> [TASK INPUT]:
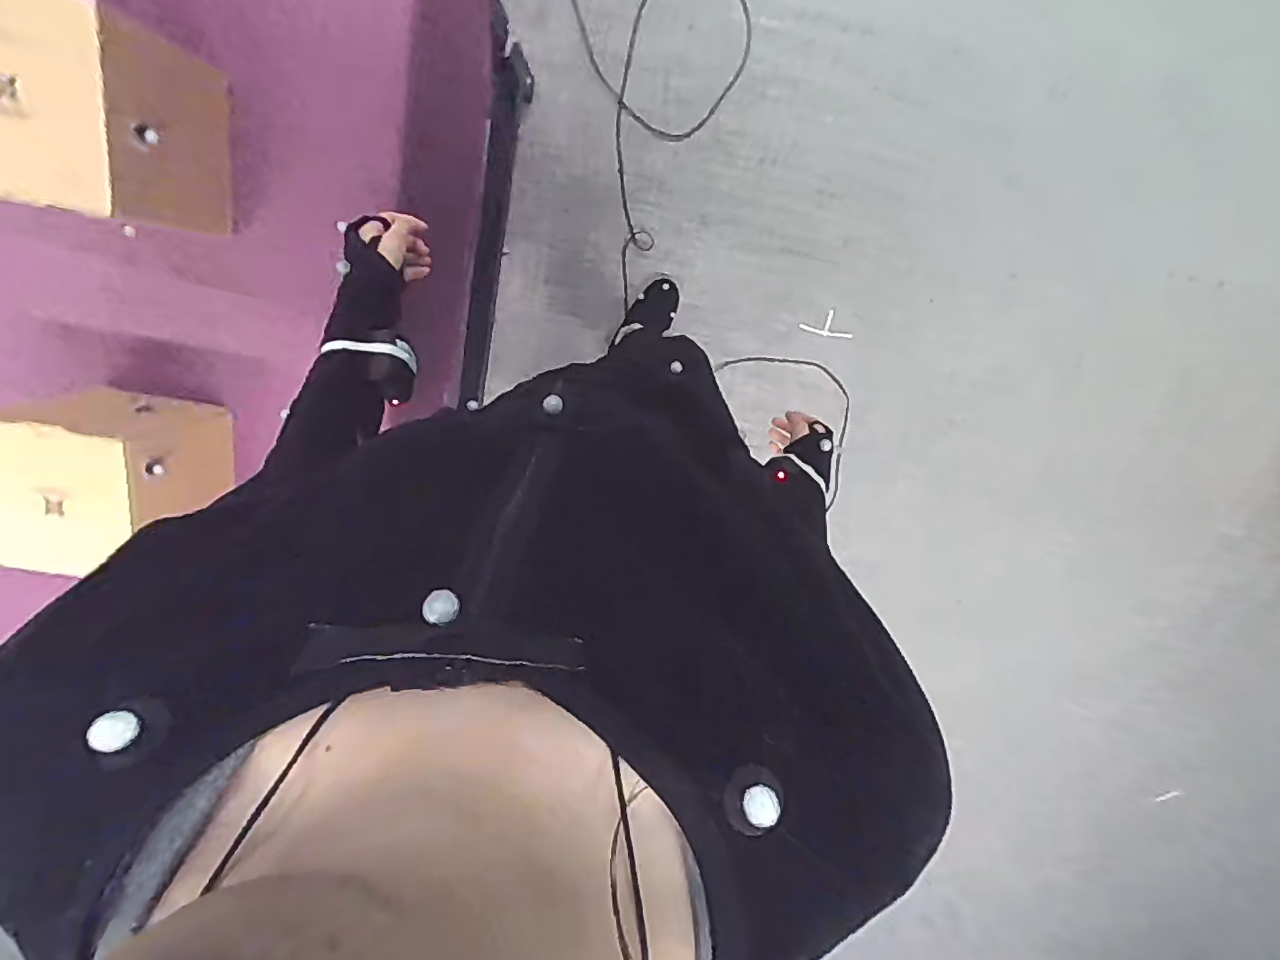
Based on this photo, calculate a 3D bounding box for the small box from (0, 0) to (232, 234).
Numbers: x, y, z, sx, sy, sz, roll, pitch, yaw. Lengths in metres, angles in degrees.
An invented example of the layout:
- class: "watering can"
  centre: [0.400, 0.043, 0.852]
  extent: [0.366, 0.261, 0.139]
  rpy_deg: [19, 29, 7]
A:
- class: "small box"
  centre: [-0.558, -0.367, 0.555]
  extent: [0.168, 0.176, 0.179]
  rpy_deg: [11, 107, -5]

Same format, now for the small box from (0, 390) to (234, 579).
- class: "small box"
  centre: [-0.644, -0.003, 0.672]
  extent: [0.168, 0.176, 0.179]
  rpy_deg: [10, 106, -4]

---

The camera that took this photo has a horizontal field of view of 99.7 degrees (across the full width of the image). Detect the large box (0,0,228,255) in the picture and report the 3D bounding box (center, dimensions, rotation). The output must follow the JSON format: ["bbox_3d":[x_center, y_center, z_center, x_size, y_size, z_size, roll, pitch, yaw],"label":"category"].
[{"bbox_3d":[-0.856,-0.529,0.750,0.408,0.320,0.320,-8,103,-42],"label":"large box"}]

> [TASK STATEMENT]: In the listing above, find the line containing "Based on this" and the line containing "rpy_deg: [19, 29, 7]", then retype both and every line between them exactly, with nothing else.

> [ANSWER AREA]:
Based on this photo, calculate a 3D bounding box for the small box from (0, 0) to (232, 234).
Numbers: x, y, z, sx, sy, sz, roll, pitch, yaw. Lengths in metres, angles in degrees.
An invented example of the layout:
- class: "watering can"
  centre: [0.400, 0.043, 0.852]
  extent: [0.366, 0.261, 0.139]
  rpy_deg: [19, 29, 7]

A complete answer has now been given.